La condizione di fabbrica è diventata insopportabile. Il lavoro è aumentato, le condizioni sono peggiorate, dall’igiene nei reparti alla sicurezza, i salari sono al palo e, rispetto all’aumento dei prezzi, sono di gran lunga minori di qualche tempo fa. Rispetto a tutto questo, gli operai non sanno più come reagire. Le organizzazioni sindacali o sono inconsistenti, o sono capaci di fare solo chiacchiere e comunicati senza mettere in campo azioni di lotta, o sono apertamente allineate agli interessi del padrone. La reazione operaia è individuale e di per sé perdente.
È così nelle grandi fabbriche. Per forza di cose è ancora peggiore in quelle piccole, dove reagire al padrone è stato sempre più complicato che nei grossi stabilimenti.

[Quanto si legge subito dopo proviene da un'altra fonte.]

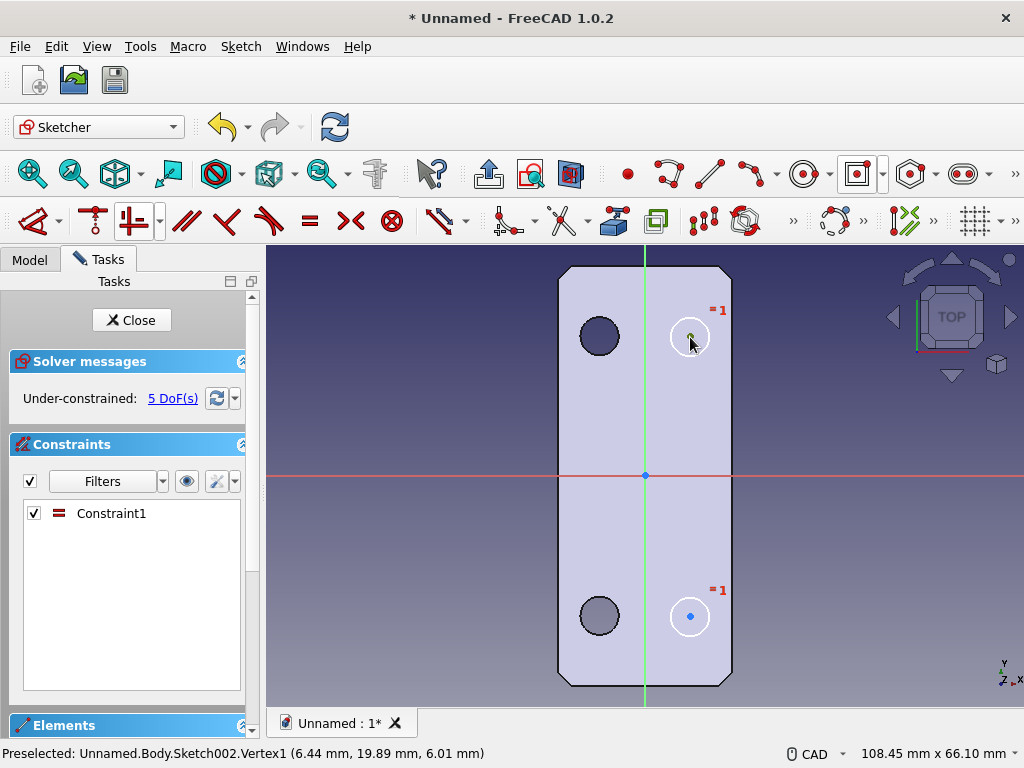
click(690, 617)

Il singolo operaio si aggira in queste galere senza potersi liberare. Il lavoro ripetitivo, faticoso, non si sopporta. Col tempo maturano piccole e grandi patologie per i movimenti obbligati da fare sempre nello stesso modo sulle postazioni. Comincia così un percorso ancora più insopportabile. Non si riesce a sostenere il lavoro come prima e allora si marca visita. Si va in infermeria. Ci si mette in malattia. I capi cominciano ad additarti come un lavativo. Inizialmente, invece di assegnarti carichi di lavoro come agli altri, ti danno postazioni meno pesanti, meno operazioni da gestire e al posto tuo piazzano altri operai, quelli che non possono, o non sanno dire di no, perché hanno famiglia, hanno paura di perdere il posto, non vogliono farsi schedare come rcl (ridotte capacità lavorative) perché questo significa entrare nel girone degli “inutili”, di quelli che prima o poi l’azienda troverà il modo di buttare fuori.
Proprio di questi temi, in questi giorni, ho parlato con un operaio che lavora in un grosso stabilimento dove producono componentistica per diversi settori, in particolare quello automobilistico, ma non solo per l’ex Fiat. È direttamente coinvolto su questi problemi. È un appassionato di sport estremi e ha subito mesi fa un grosso infortunio che lo ha bloccato completamente sulle cose divertenti che faceva, ma, dal punto di vista medico, gli hanno detto che può continuare a lavorare. Divertimento no, fabbrica sì. In realtà non ce la fa neanche in fabbrica perché i dolori fisici sono costanti e i ritmi di lavoro sono sempre più alti.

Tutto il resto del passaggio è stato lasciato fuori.